SAN FRANCISCO, Sept 15 (Reuters) - Around midnight on Christmas Eve of 2009, a handful of employees at Twitter received an unconventional holiday greeting from Dick Costolo, then the chief operating officer.
“It was an email that said, ‘We have to move really, really fast. There’s no time to rest because we have a massive opportunity in front of us,” recalled Anamitra Banerji, who headed the team that built Twitter’s first advertising product. “It was kind of crazy because we were all on break, but that attitude was exactly what we needed at Twitter.”
The company is now on the verge of fulfilling the opportunity Costolo foresaw as it prepares for the most highly anticipated initial public offering since Facebook’s debut last May. The offering is expected to value Twitter at up to $15 billion and make its early investors, including Costolo, very wealthy indeed.

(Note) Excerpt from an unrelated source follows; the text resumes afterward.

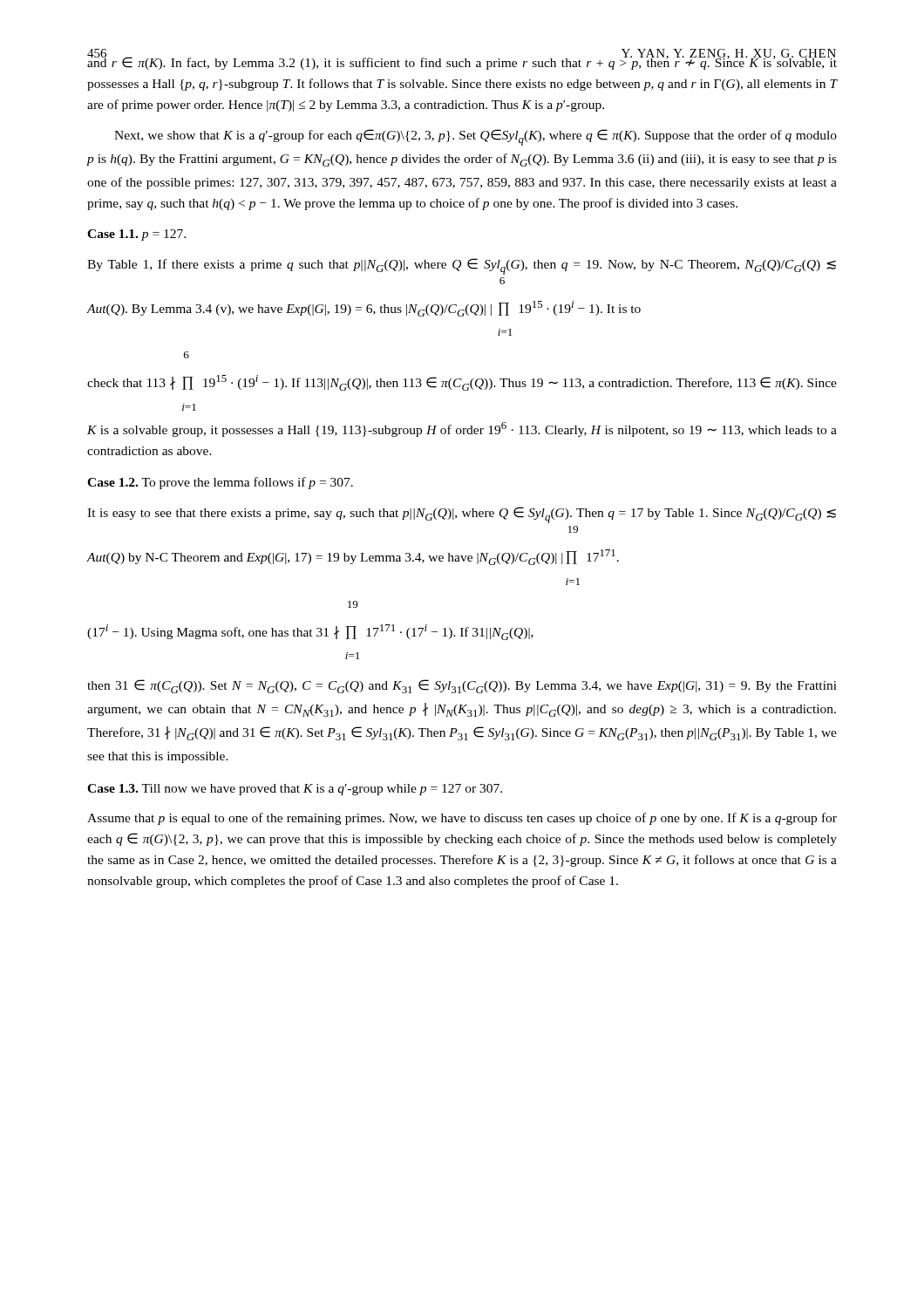Point to the block starting "Next, we show that K is a"
The width and height of the screenshot is (924, 1308).
pyautogui.click(x=462, y=169)
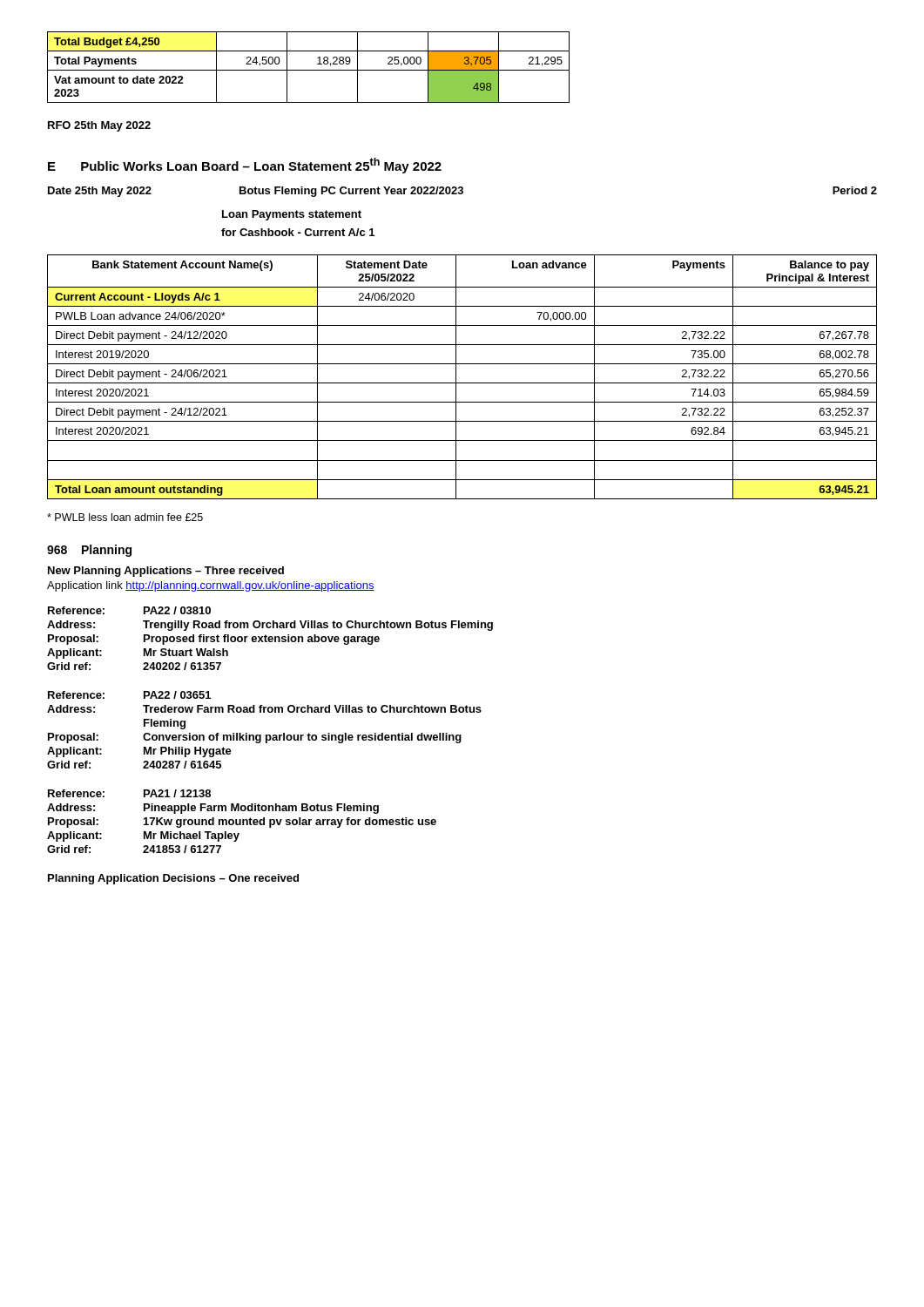Select the table that reads "Vat amount to"

(462, 67)

Yet Twitter’s quick transformation from an undisciplined, money-losing startup into a digital media powerhouse took every bit of whip-cracking that Costolo could muster, along with a rapid series of product and personnel decisions that proved effective even as they disappointed some of the service’s early enthusiasts.

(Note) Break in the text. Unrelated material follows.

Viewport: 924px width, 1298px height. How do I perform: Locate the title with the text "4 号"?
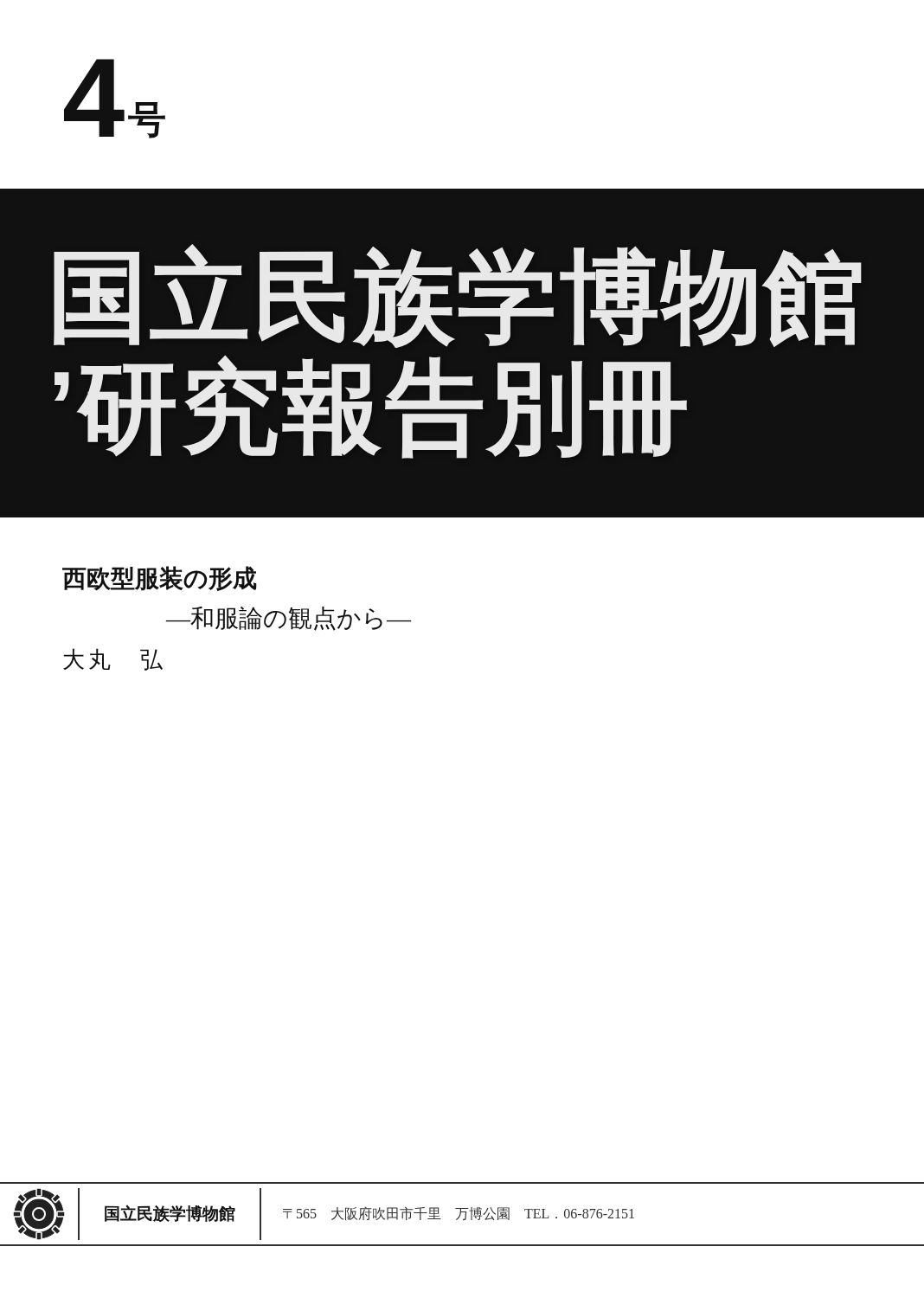(x=114, y=98)

Costolo was a comparative late-comer at Twitter, joining the company three years after it’s 2006 launch, but the company increasingly bears his imprint as it hurtles towards the IPO: deliberate in decision-making but aggressive in execution, savvy in its public relations and yet laser-focused on financial results.
Costolo has not flinched in pruning and reshaping his management team, while Twitter, the company, has been ruthless in cutting off the smaller companies that were once a part of its orbit. A one-time comic actor who cut his teeth in business at Andersen Consulting before starting several companies, Costolo may never be as closely associated with Twitter as Mark Zuckerberg is with Facebook, yet he is arguably just as important.
“The founders consider Dick a co-founder, that’s how deep the connection is,” said Bijan Sabet, an investor at Spark Capital and a Twitter board member from 2008 to 2011. “He’s not this hired gun to run the company. He understands building out the business but also the product, strategy, vision.”
Twitter declined to make Costolo available for comment, citing the pre-IPO quiet period.
When Twitter’s then-CEO Evan Williams brought on Costolo, an old friend and colleague from Google Inc, as COO in September of 2009, the three-year old company was already under pressure.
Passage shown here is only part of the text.